- Task brief
Every entry in this listing should be written out exactly.

::::

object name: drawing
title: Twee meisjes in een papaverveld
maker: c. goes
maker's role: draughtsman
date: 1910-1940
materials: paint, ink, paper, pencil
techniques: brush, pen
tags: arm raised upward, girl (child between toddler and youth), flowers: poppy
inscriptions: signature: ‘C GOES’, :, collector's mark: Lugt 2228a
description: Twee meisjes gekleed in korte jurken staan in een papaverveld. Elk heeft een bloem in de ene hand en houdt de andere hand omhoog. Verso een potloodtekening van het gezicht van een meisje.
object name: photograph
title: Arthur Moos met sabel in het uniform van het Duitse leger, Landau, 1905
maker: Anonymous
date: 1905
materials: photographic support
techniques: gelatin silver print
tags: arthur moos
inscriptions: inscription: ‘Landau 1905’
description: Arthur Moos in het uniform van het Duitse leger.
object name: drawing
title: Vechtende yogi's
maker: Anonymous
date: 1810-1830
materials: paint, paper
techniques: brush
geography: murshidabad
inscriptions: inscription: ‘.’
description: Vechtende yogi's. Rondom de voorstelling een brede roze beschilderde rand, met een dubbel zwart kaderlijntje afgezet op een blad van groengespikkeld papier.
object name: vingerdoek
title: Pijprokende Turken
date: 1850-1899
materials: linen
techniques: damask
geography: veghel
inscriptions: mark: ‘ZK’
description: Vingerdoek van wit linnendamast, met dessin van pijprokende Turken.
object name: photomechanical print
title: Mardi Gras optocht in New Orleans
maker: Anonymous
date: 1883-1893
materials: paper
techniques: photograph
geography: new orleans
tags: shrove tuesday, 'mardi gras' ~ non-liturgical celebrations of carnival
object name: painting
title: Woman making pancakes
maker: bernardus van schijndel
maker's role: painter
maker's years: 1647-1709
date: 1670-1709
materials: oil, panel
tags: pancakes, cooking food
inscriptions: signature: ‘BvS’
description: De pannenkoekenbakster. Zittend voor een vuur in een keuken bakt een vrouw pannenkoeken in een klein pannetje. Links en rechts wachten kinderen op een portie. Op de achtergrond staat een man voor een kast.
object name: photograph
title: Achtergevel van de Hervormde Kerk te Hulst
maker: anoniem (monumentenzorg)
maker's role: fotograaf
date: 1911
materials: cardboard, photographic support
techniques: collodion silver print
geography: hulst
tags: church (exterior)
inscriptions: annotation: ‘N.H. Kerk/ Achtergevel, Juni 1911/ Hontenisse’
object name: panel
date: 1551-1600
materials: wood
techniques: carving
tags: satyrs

::::

- Output for this task
object name: drawing
title: Twee meisjes in een papaverveld
maker: c. goes
maker's role: draughtsman
date: 1910-1940
materials: paint, ink, paper, pencil
techniques: brush, pen
tags: arm raised upward, girl (child between toddler and youth), flowers: poppy
inscriptions: signature: ‘C GOES’, :, collector's mark: Lugt 2228a
description: Twee meisjes gekleed in korte jurken staan in een papaverveld. Elk heeft een bloem in de ene hand en houdt de andere hand omhoog. Verso een potloodtekening van het gezicht van een meisje.
object name: photograph
title: Arthur Moos met sabel in het uniform van het Duitse leger, Landau, 1905
maker: Anonymous
date: 1905
materials: photographic support
techniques: gelatin silver print
tags: arthur moos
inscriptions: inscription: ‘Landau 1905’
description: Arthur Moos in het uniform van het Duitse leger.
object name: drawing
title: Vechtende yogi's
maker: Anonymous
date: 1810-1830
materials: paint, paper
techniques: brush
geography: murshidabad
inscriptions: inscription: ‘.’
description: Vechtende yogi's. Rondom de voorstelling een brede roze beschilderde rand, met een dubbel zwart kaderlijntje afgezet op een blad van groengespikkeld papier.
object name: vingerdoek
title: Pijprokende Turken
date: 1850-1899
materials: linen
techniques: damask
geography: veghel
inscriptions: mark: ‘ZK’
description: Vingerdoek van wit linnendamast, met dessin van pijprokende Turken.
object name: photomechanical print
title: Mardi Gras optocht in New Orleans
maker: Anonymous
date: 1883-1893
materials: paper
techniques: photograph
geography: new orleans
tags: shrove tuesday, 'mardi gras' ~ non-liturgical celebrations of carnival
object name: painting
title: Woman making pancakes
maker: bernardus van schijndel
maker's role: painter
maker's years: 1647-1709
date: 1670-1709
materials: oil, panel
tags: pancakes, cooking food
inscriptions: signature: ‘BvS’
description: De pannenkoekenbakster. Zittend voor een vuur in een keuken bakt een vrouw pannenkoeken in een klein pannetje. Links en rechts wachten kinderen op een portie. Op de achtergrond staat een man voor een kast.
object name: photograph
title: Achtergevel van de Hervormde Kerk te Hulst
maker: anoniem (monumentenzorg)
maker's role: fotograaf
date: 1911
materials: cardboard, photographic support
techniques: collodion silver print
geography: hulst
tags: church (exterior)
inscriptions: annotation: ‘N.H. Kerk/ Achtergevel, Juni 1911/ Hontenisse’
object name: panel
date: 1551-1600
materials: wood
techniques: carving
tags: satyrs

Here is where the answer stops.